"Apple is the cool boss"

Microsoft predominantly (and unabashedly) produces work tools: the Microsoft Office Suite remains its flagship product. The PC has always been clunky when it comes to media production and consumption (though less so than Apple and its legions want you to believe), and the graceful handling of these functions is what sets Apple apart. Of course, these “creative” fields of production are just as much work tools as Office; it’s just that your work is fun. You make music! You make movies! You’re not a slave!

And though gamers have always used PCs, they did so because you could upgrade video cards and processing speed and power as you needed — keeping up with the latest generation of games without replacing your computer — so that gamers ended up with machines whose internal functioning little resembled their office counterparts. A Mac, however, is a Mac, its functions largely black-box and proprietary. You don’t hack it and you don’t upgrade it, you just buy a new one.

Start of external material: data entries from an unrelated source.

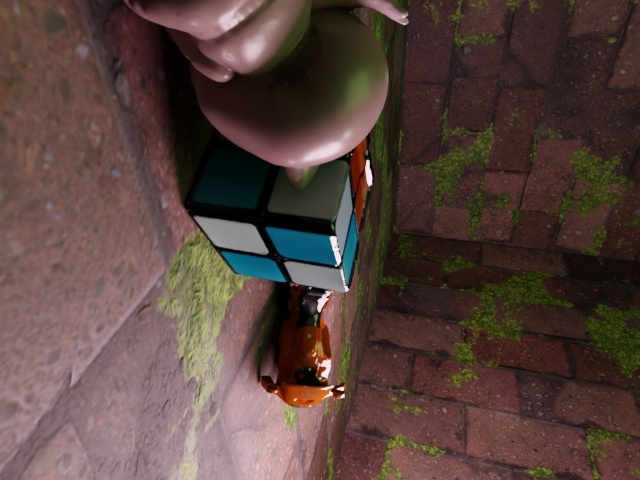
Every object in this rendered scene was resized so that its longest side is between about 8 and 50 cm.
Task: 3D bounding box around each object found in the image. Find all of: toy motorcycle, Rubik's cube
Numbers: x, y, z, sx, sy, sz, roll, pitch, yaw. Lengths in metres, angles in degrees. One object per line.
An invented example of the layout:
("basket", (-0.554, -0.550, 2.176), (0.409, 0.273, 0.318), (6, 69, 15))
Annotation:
("toy motorcycle", (-0.023, 0.157, 0.808), (0.221, 0.147, 0.326), (-134, -128, -79))
("Rubik's cube", (-0.032, -0.056, 0.561), (0.183, 0.167, 0.180), (68, 33, -62))

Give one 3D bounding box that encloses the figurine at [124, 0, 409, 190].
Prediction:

Of course, it is in design and packaging, not computing, that Apple has really excelled. Other than its innovations in touch-screen technology and battery life (significant but outsourced achievements), Apple has offered little in the way of  technical invention. What Apple does best is user interface and visual design, which, if you’re feeling generous, you can call a kind of beautiful craft: sowing the glove to exactly fit the hand while also grabbing the eye. But design, especially when it comes to the mass-produced consumer object, is really just the arty end of the marketing spectrum.